Pictures aside, repeat the whole listing word for word.

* INFORMATION PROVIDED
:::::
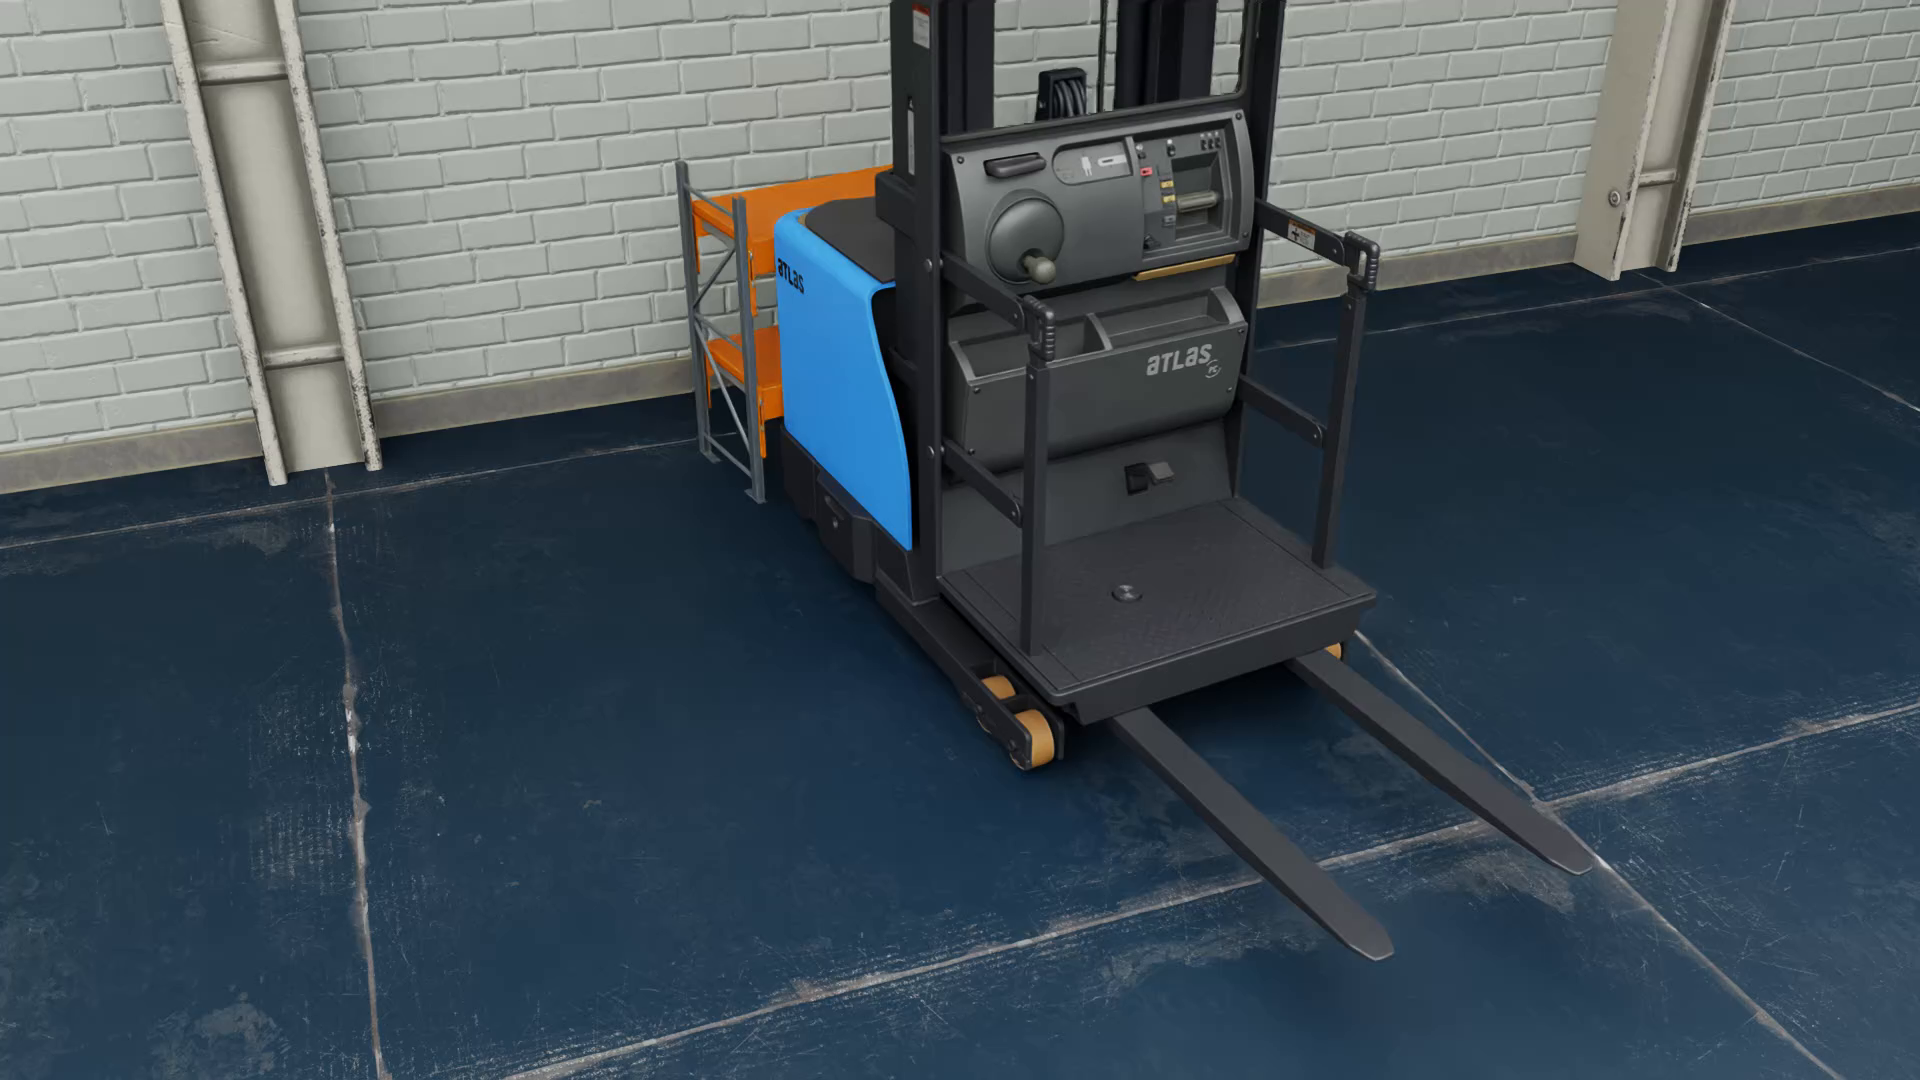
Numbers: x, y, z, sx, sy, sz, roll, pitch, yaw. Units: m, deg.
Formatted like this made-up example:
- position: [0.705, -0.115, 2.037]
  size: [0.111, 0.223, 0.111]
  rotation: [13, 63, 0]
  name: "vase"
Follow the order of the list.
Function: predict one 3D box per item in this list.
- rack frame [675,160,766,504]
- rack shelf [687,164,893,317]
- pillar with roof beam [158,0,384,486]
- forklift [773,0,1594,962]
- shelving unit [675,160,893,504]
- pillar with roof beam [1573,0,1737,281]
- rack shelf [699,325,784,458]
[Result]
- position: [-0.847, -0.727, 5.890]
  size: [0.032, 1.125, 0.500]
  rotation: [-17, 34, -28]
  name: "rack frame"
- position: [-0.417, -1.116, 5.982]
  size: [1.000, 0.278, 0.538]
  rotation: [-17, 34, -28]
  name: "rack shelf"
- position: [-0.895, -2.216, 0.550]
  size: [0.400, 9.000, 9.100]
  rotation: [-10, 31, -18]
  name: "pillar with roof beam"
- position: [0.503, -0.889, 4.350]
  size: [1.130, 2.935, 3.031]
  rotation: [-15, 33, -24]
  name: "forklift"
- position: [-0.417, -0.862, 6.126]
  size: [1.048, 1.125, 0.538]
  rotation: [-17, 34, -28]
  name: "shelving unit"
- position: [4.728, -3.252, 2.367]
  size: [0.400, 9.000, 9.100]
  rotation: [-10, 31, -18]
  name: "pillar with roof beam"
- position: [-0.417, -0.649, 6.247]
  size: [1.000, 0.278, 0.538]
  rotation: [-17, 34, -28]
  name: "rack shelf"
:::::
* TASK RESULT
Numbers: x, y, z, sx, sy, sz, roll, pitch, yaw. Units: m, deg.
Formatted like this made-up example:
- position: [0.705, -0.115, 2.037]
  size: [0.111, 0.223, 0.111]
  rotation: [13, 63, 0]
  name: "vase"
Follow the order of the list.
Function: predict one 3D box per item in this list.
- rack frame [675,160,766,504]
- rack shelf [687,164,893,317]
- pillar with roof beam [158,0,384,486]
- forklift [773,0,1594,962]
- shelving unit [675,160,893,504]
- pillar with roof beam [1573,0,1737,281]
- rack shelf [699,325,784,458]
[Result]
- position: [-0.847, -0.727, 5.890]
  size: [0.032, 1.125, 0.500]
  rotation: [-17, 34, -28]
  name: "rack frame"
- position: [-0.417, -1.116, 5.982]
  size: [1.000, 0.278, 0.538]
  rotation: [-17, 34, -28]
  name: "rack shelf"
- position: [-0.895, -2.216, 0.550]
  size: [0.400, 9.000, 9.100]
  rotation: [-10, 31, -18]
  name: "pillar with roof beam"
- position: [0.503, -0.889, 4.350]
  size: [1.130, 2.935, 3.031]
  rotation: [-15, 33, -24]
  name: "forklift"
- position: [-0.417, -0.862, 6.126]
  size: [1.048, 1.125, 0.538]
  rotation: [-17, 34, -28]
  name: "shelving unit"
- position: [4.728, -3.252, 2.367]
  size: [0.400, 9.000, 9.100]
  rotation: [-10, 31, -18]
  name: "pillar with roof beam"
- position: [-0.417, -0.649, 6.247]
  size: [1.000, 0.278, 0.538]
  rotation: [-17, 34, -28]
  name: "rack shelf"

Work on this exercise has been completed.